#### Exercise directions:
At the line that holds "Item: the bowl <box>1337,923,1514,1098</box>.", start repeating, and keep going exactly through the final line of the material; include both ends and skip the pictures.
*** Opening Records provided ***
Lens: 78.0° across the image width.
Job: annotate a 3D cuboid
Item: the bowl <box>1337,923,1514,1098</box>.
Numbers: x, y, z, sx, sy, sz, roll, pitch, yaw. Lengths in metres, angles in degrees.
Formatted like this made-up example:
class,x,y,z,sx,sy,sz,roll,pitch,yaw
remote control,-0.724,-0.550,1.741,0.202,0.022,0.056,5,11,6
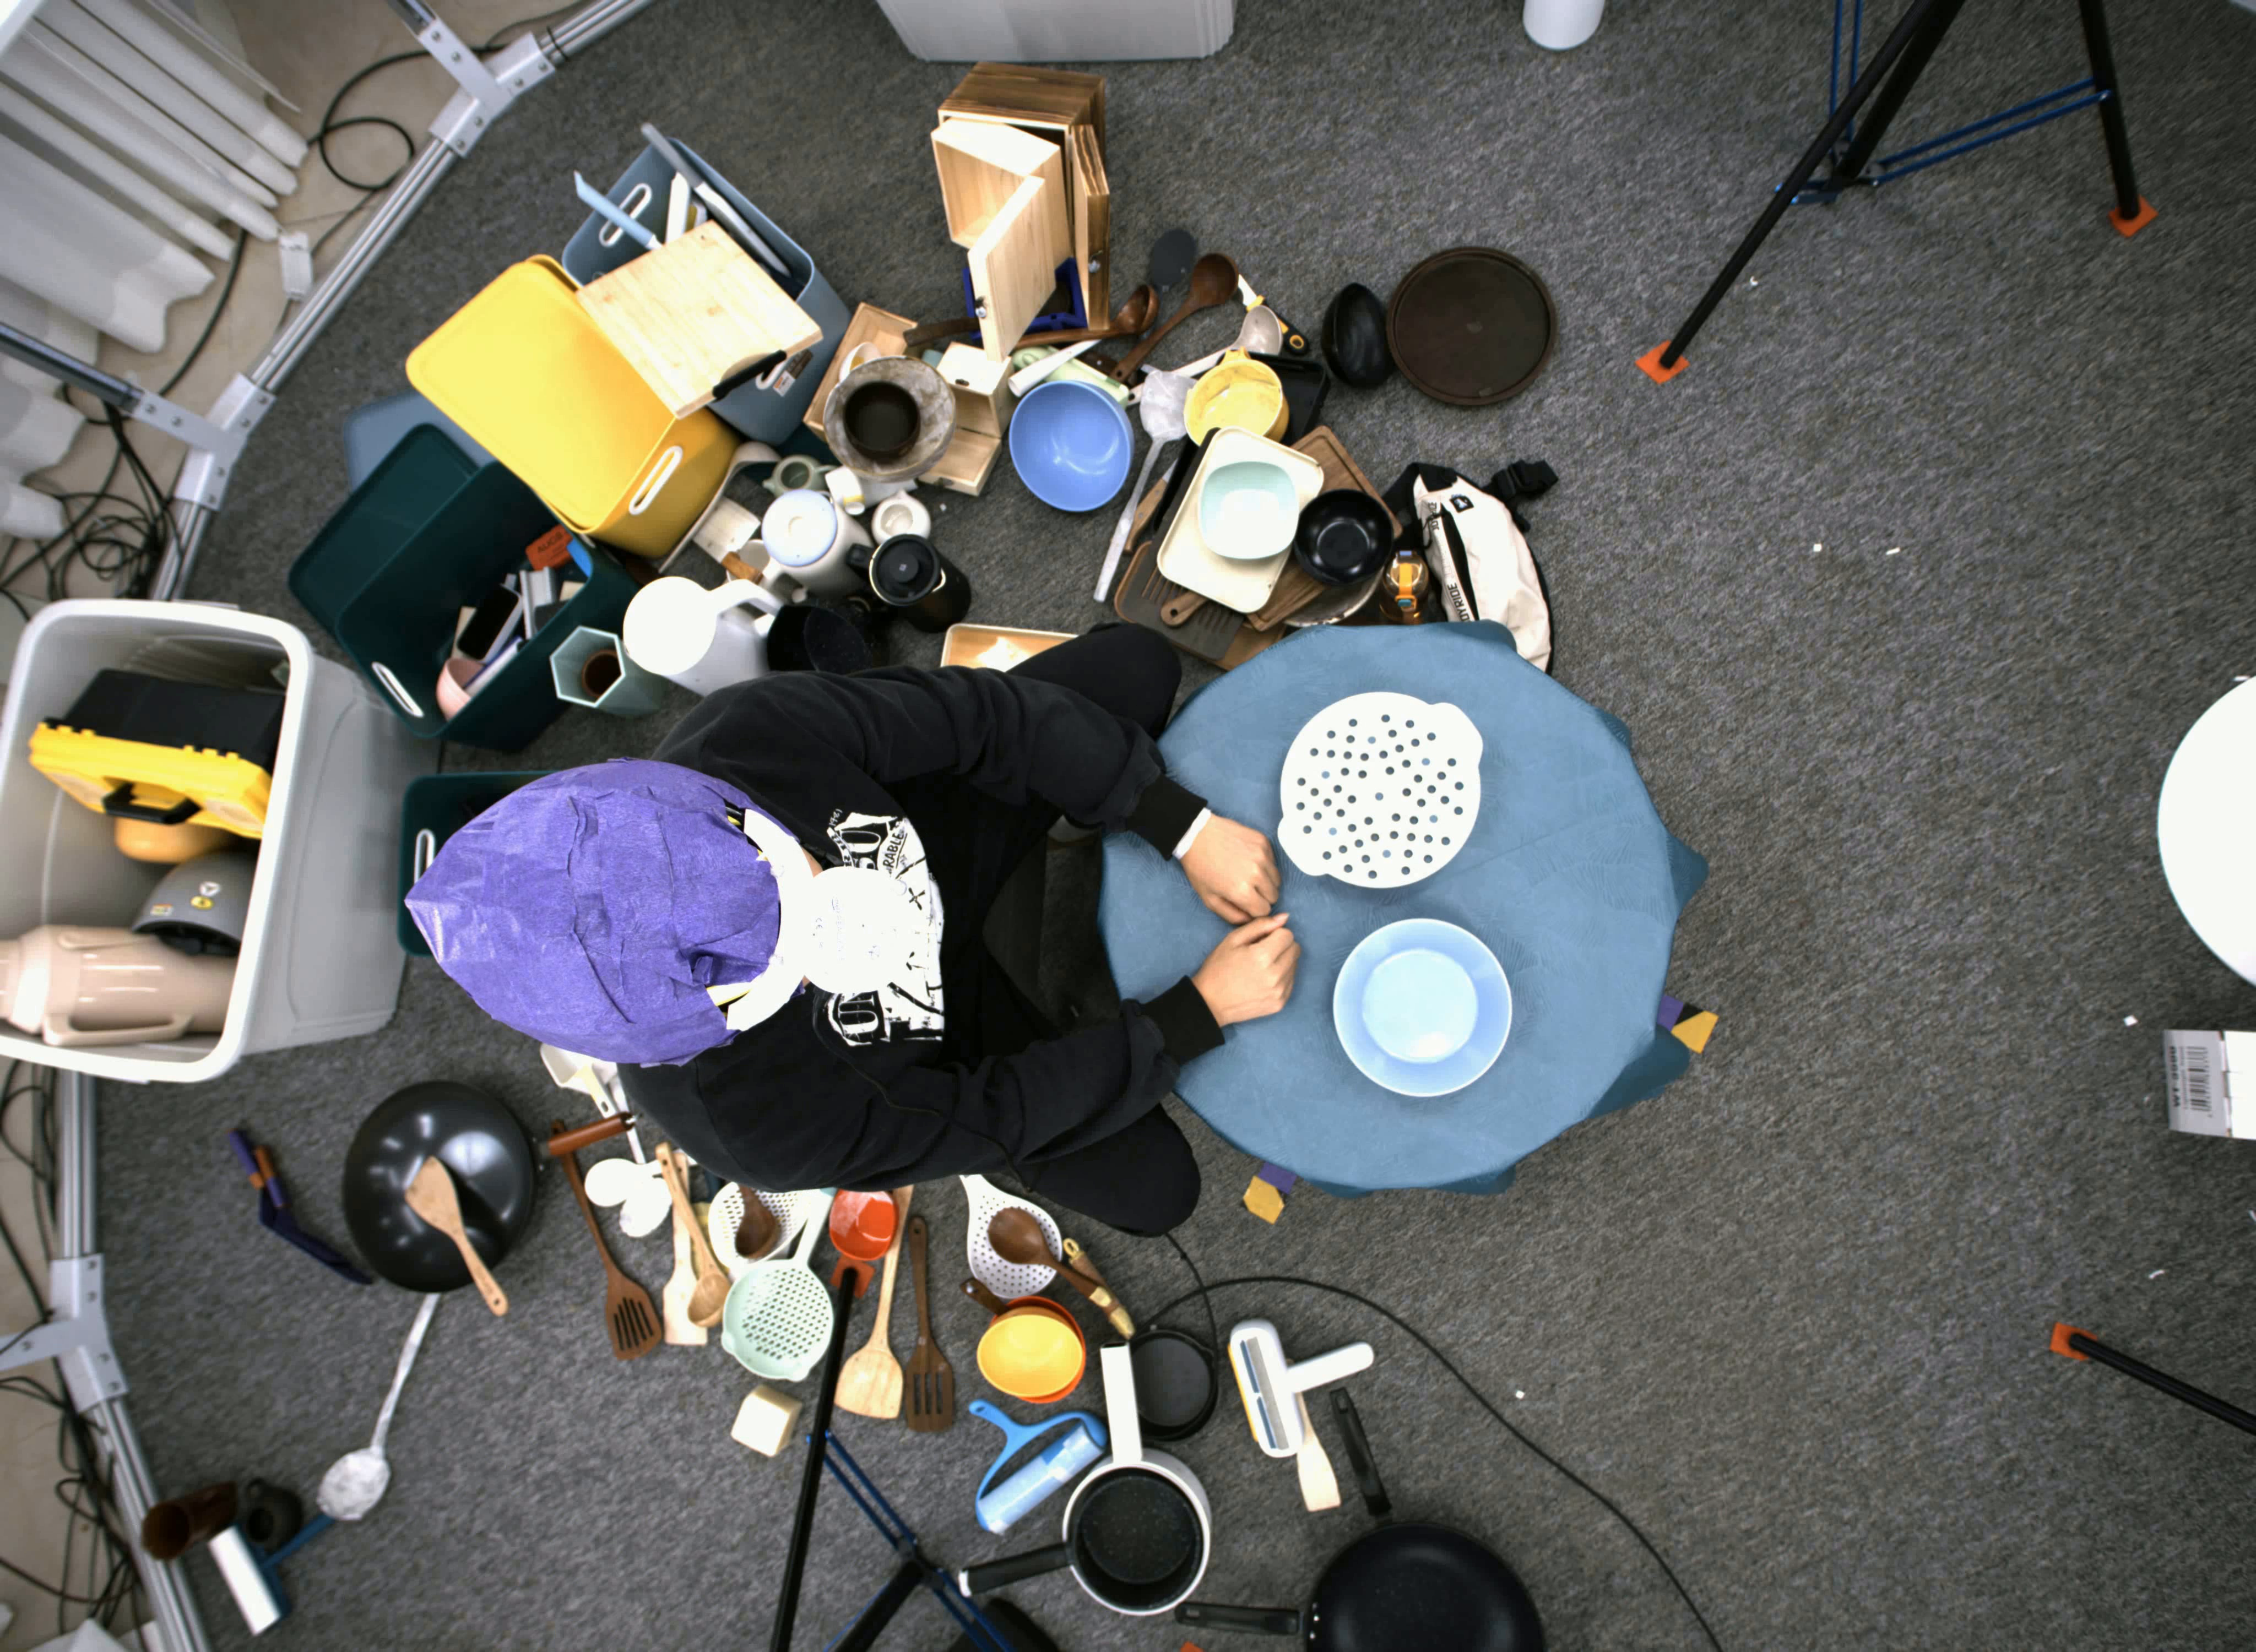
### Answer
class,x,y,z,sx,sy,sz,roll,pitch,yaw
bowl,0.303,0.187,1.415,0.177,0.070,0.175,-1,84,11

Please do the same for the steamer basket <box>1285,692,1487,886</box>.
*** Closing Records provided ***
#### Solution:
Item: the bowl <box>1337,923,1514,1098</box>.
Numbers: x, y, z, sx, sy, sz, roll, pitch, yaw. Lengths in metres, angles in degrees.
Formatted like this made-up example:
class,x,y,z,sx,sy,sz,roll,pitch,yaw
remote control,-0.724,-0.550,1.741,0.202,0.022,0.056,5,11,6
### Answer
class,x,y,z,sx,sy,sz,roll,pitch,yaw
bowl,0.303,0.187,1.415,0.177,0.070,0.175,-1,84,11

Please do the same for the steamer basket <box>1285,692,1487,886</box>.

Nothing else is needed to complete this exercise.